The Appellant claimed that the Commissioner erred in his determination. In the proceeding below the Appellant advanced a contrary methodology for calculating overtime and contended on appeal that the Commissioner erred in failing to apply the Appellant’s methodology.
The Appellant’s fortnightly roster and pay cycle ends on Sundays. On the Appellant’s construction, overtime hours apply only after 76 hours have been worked in the pay cycle fortnight, which means that if hours are worked on the last Sunday of the fortnight those hours are likely to be counted as overtime. The overtime rates and the ordinary time weekend penalty rates for Sunday work in the Agreement are the same and are not cumulative.
Principles on appeal
Appeals under s.604 of the Fair Work Act 2009 (Cth) can only proceed with the Commission’s permission. Where an Appellant can demonstrate an arguable case of appealable error, the Commission has a broad discretion in determining whether permission to appeal should be granted. However, the Commission is required to grant permission where it is in the public interest to do so: s.604(2). Irrespective of the nature of the decision under appeal, the Full Bench is only able to exercise its powers where it identifies some error on the part of the primary decision-maker: Coal and Allied Operations Pty Ltd v Australian Industrial Relations Commission [2000] HCA 47, 203 CLR 194.
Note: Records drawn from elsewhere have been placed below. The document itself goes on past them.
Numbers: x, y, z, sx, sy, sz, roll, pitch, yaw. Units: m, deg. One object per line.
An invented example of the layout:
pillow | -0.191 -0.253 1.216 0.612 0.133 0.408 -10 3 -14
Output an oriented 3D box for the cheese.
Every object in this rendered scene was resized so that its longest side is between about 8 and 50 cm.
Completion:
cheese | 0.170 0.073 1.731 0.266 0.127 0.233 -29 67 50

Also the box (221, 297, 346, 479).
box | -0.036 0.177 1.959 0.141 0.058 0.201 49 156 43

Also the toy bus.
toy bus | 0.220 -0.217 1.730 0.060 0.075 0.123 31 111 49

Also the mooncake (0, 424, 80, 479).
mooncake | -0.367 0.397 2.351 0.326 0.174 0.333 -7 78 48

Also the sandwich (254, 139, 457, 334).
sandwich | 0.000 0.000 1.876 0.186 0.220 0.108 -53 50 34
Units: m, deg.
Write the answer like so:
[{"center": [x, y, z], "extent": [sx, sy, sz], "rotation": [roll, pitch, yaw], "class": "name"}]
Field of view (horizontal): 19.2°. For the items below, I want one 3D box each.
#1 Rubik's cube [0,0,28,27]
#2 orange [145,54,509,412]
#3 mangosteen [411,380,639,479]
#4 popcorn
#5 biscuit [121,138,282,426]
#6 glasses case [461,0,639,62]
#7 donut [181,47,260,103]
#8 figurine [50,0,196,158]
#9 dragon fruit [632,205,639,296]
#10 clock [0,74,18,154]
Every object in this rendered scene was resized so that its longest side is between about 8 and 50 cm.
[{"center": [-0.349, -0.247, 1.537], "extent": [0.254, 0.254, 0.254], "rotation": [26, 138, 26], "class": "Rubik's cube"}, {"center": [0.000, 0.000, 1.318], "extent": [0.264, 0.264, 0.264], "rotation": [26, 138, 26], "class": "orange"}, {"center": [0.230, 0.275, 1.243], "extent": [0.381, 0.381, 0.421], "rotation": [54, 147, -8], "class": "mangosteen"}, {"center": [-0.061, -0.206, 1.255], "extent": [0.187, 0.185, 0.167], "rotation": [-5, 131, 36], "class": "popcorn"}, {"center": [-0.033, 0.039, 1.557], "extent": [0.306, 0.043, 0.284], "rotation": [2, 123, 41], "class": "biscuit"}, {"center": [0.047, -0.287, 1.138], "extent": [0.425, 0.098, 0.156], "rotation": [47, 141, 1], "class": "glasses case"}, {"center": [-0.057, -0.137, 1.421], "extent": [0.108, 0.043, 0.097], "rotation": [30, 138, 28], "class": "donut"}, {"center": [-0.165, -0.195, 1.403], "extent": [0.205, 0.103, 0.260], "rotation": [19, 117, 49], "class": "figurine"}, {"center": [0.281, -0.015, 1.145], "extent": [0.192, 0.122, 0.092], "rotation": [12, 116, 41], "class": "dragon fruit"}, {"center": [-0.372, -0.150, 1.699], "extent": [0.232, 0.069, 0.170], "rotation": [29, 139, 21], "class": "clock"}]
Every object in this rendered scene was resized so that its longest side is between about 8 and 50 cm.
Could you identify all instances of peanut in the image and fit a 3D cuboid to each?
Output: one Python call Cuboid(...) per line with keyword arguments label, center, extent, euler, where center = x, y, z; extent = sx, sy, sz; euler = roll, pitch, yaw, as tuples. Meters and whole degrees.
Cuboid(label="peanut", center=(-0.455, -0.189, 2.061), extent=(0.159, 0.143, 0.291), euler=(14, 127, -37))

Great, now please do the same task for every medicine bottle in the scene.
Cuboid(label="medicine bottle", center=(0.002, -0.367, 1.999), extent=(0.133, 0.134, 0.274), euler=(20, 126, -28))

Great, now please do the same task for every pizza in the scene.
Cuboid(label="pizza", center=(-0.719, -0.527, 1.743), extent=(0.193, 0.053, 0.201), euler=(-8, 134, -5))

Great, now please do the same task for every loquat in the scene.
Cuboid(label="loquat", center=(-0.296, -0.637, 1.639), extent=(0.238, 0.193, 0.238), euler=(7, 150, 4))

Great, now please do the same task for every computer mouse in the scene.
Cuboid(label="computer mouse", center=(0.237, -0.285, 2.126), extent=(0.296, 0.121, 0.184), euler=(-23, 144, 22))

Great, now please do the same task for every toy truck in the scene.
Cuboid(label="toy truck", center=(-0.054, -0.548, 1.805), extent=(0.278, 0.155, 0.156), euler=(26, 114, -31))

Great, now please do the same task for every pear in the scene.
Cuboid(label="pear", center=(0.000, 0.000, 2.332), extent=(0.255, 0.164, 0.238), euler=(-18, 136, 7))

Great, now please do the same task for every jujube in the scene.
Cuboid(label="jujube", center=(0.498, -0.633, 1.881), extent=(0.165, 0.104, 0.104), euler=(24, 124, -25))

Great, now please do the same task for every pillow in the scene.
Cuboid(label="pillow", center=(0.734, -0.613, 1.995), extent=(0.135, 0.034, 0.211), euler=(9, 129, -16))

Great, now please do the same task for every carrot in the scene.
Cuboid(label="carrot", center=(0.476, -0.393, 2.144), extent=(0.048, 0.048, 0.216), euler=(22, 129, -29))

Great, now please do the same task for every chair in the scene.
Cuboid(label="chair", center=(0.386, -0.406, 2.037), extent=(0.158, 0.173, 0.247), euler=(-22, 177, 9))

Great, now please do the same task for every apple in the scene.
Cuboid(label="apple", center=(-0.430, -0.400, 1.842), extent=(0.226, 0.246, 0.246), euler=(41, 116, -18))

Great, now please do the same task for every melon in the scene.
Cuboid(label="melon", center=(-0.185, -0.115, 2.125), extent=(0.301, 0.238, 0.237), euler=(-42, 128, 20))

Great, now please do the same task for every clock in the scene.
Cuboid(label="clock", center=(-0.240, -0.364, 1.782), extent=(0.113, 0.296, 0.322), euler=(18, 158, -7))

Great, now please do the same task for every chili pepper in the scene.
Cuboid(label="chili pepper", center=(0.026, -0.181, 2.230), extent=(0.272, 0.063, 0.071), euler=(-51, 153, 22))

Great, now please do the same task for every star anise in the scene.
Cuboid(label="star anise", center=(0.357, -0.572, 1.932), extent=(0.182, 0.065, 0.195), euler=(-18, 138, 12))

The Decision concerned the proper construction of the Agreement. The Decision did not involve the exercise of discretion. The answer given by the Commissioner to the proper construction of the Agreement is either correct or incorrect. In this regard the appeal is to be determined by the ‘correctness standard’: Minister for Immigration and Border Protection v SZVFW [2018] HCA 30, 264 CLR 541 at [48]-[49] and [150]-[154]; Rail Commissioner v Rogers[2021] FWCFB 371 at [61]; Australian Workers’ Union v Orica Australia Pty Ltd[2022] FWCFB 90 at [12]; Ambulance Victoria v Fyfe[2023] FWCFB 104 at [66]; AMA (Victoria) Ltd v Monash Health[2022] FWCFB 82 at [25].
The facts
The Commissioner’s summary of the relevant underlying facts is not controversial:
“[5] The facts relating to the dispute were as follows:
a) Mr Kevin Micallef has been employed by Mackillop as a Residential House Supervisor from 16 July 2018. He has been on a full-time basis with the requirement of working 76 hours per fortnight as per the roster.
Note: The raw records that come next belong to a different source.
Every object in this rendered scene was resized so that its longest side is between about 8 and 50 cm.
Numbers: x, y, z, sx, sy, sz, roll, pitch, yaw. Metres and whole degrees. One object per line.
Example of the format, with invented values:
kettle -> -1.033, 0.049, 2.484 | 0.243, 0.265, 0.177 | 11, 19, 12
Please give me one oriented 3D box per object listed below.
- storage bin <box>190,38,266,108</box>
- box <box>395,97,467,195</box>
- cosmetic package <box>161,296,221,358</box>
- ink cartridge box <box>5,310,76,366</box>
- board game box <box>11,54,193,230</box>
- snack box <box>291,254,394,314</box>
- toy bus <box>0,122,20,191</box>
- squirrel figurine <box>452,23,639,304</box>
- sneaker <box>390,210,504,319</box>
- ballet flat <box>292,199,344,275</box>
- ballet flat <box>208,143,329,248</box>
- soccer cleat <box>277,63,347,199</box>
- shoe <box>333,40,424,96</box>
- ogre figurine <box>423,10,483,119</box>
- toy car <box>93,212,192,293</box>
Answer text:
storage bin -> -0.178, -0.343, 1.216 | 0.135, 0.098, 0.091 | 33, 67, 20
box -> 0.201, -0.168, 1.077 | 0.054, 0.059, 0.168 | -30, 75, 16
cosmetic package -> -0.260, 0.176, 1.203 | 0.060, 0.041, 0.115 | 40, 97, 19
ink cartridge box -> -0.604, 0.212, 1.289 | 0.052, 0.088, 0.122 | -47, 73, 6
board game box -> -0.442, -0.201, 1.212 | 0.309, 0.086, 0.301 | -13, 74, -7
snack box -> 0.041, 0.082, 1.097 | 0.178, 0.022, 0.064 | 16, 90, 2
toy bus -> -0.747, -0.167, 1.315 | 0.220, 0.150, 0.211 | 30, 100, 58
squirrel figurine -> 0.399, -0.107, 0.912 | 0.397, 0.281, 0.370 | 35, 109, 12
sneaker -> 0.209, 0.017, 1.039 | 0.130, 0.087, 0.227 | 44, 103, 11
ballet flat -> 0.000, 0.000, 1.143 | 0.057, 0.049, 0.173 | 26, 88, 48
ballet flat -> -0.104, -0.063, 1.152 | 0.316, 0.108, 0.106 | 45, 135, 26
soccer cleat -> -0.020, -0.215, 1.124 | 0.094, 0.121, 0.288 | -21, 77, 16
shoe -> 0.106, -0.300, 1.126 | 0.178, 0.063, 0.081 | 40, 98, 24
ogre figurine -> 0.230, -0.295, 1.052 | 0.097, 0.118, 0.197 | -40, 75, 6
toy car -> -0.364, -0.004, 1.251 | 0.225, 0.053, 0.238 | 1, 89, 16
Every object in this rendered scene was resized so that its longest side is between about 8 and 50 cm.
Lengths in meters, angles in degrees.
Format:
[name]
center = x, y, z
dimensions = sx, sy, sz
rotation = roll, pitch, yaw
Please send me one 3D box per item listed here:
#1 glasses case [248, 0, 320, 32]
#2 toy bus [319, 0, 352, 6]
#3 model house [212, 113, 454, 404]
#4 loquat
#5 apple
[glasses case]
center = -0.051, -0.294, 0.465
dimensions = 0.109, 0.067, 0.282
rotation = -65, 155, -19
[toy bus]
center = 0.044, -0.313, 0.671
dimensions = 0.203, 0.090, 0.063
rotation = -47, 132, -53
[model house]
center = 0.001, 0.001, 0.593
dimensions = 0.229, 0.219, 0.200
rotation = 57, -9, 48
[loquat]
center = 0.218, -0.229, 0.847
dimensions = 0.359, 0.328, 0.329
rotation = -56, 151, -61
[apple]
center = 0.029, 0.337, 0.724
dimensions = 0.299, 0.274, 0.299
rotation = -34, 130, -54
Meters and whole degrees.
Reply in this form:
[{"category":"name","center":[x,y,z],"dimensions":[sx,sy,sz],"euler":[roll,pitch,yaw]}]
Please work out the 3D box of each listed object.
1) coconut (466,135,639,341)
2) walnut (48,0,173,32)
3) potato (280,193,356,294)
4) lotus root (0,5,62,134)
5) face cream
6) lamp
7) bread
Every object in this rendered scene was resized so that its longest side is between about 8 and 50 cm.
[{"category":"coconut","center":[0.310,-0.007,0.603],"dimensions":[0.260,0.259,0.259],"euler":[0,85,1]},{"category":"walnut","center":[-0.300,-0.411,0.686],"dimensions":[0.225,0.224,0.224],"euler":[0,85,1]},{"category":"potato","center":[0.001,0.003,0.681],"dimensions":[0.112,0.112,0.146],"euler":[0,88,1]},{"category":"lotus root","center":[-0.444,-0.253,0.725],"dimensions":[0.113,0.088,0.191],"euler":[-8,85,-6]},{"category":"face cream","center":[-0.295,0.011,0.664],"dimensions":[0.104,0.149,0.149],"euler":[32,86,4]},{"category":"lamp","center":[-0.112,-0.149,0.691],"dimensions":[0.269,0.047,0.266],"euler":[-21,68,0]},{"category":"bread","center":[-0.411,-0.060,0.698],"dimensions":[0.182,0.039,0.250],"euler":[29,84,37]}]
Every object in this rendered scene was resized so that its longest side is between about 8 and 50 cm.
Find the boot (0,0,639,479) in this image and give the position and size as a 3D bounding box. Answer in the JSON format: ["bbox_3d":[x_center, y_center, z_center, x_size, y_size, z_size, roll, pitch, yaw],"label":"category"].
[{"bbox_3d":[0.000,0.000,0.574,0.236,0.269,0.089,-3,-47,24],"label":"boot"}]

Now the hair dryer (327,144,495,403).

b) The dispute was brought in relation to a specific pay period, namely, the pay period from 20 March 2023 to 2 April 2023. During this pay period, the agreed ongoing fortnightly roster of Mr Micallef was as follows:
‘Week 1
a. Monday 7:30 am –4:00 pm (8.5 hours)
b. Tuesday 7:30 am –3:00 pm (7.5 hours)
c. Thursday 9:00 am –4:00 pm (7 hours)
d. Friday 7:00 am –3:00 pm (8 hours)Week 2
e. Tuesday 7:30 am –3:00 pm (7.5 hours)
f. Wednesday 7:30 am –4:00 pm (8.5 hours)
g. Thursday 2:00 pm –11:00 pm (9 hours)
h. Saturday 7:30 am –5:30 pm (10 hours)
i. Sunday 7:30 am –5:30 pm (10 hours)’
c) On 22 March 2023, Mr Micallef attended work outside of his rostered timetable, for three (3) hours to complete the mandatory CPR training between 9:30am –12:30pm (the excess hours). Therefore, Mr Micallef’s total hours for the fortnight totalled 79 hours.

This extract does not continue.